P-value for no purchases per unit spend: 0.103


In [154]:
t_stat

np.float64(1.281896929721144)

In [155]:
# Effect size
# Sample sizes
nC, nT = len(control_purchase_us), len(test_purchase_us)

# Sample variances
sC2 = np.var(control_purchase_us, ddof=1)
sT2 = np.var(test_purchase_us, ddof=1)

# Pooled variance formula
s_pooled2 = ((nC - 1)*sC2 + (nT - 1)*sT2) / (nC + nT - 2)

# Pooled standard deviation --> assumed equlity of variances
s_pooled = np.sqrt(s_pooled2)
sales_per_unit_spend_es = (np.mean(test_purchase_us) - np.mean(control_purchase_us))/ s_pooled

In [156]:
print(f"Effect size in sales per unit spend on the campaign: {sales_per_unit_spend_es}")

Effect size in sales per unit spend on the campaign: -0.33664262627102776


The lack of signifficant difference in the number of purchases per unit spend suggests no substantial gain in the number of clients.

# Marketing Campaign

Even though the the new marketing campaing has no positive impact on the companie's revenue, other metrics may be worth analysing.

In [157]:
# CTR = No Impressions / No Website Clicks (Click Through Rate)
control_ctr = control_group["# of Impressions"] / control_group["# of Website Clicks"]
test_ctr = test_group["# of Impressions"] / test_group["# of Website Clicks"]
t_stat, p_val = ttest_ind(control_ctr, test_ctr, alternative="greater")
print(f"P-value for Click Through Rate: {np.round(p_val,3)}")
# Sample variances
sC2 = np.var(control_ctr, ddof = 1)
sT2 = np.var(test_ctr, ddof = 1)
# Pooled variance formula
s_pooled2 = ((nC - 1)*sC2 + (nT - 1)*sT2) / (nC + nT - 2)
# Pooled standard deviation --> assumed equlity of variances
s_pooled = np.sqrt(s_pooled2)
ctr_effect_size = (np.mean(test_ctr) - np.mean(control_ctr))/ s_pooled
print(f"Effect size in Click Through Rate: {ctr_effect_size}")

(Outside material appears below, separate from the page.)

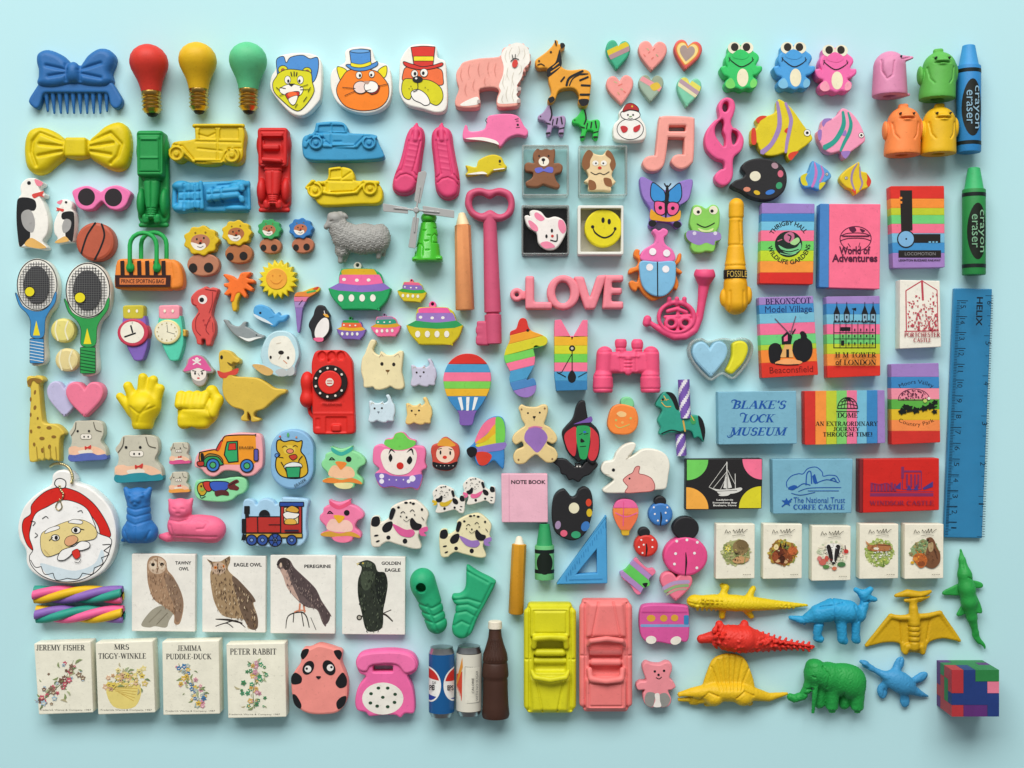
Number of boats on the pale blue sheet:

# CR = No Purchases / No Website Clicks (Conversion Rate) 
control_cr = control_group['# of Purchase'] / control_group['# of Website Clicks']
test_cr = test_group['# of Purchase'] / test_group['# of Website Clicks']
t_stat, p_val = ttest_ind(control_cr, test_cr, alternative="greater")
print(f"P-value for Conversion Rate: {np.round(p_val,3)}")
# Sample variances
sC2 = np.var(control_cr, ddof = 1)
sT2 = np.var(test_cr, ddof = 1)
# Pooled variance formula
s_pooled2 = ((nC - 1)*sC2 + (nT - 1)*sT2) / (nC + nT - 2)
# Pooled standard deviation --> assumed equlity of variances
s_pooled = np.sqrt(s_pooled2)
cr_effect_size = (np.mean(test_cr) - np.mean(control_cr))/ s_pooled
print(f"Effect size in Conversion Rate: {cr_effect_size}")

P-value for Click Through Rate: 0.0
Effect size in Click Through Rate: -1.0456263742168976
P-value for Conversion Rate: 0.061
Effect size in Conversion Rate: -0.41199118711714816


Both Click-Through Rate and Conversion Rate declined in the test condition compared with the control.
The effect was large for CTR (d = −1.05), indicating a substantial reduction, and moderate for CR (d = −0.41), suggesting a noticeable but smaller impact.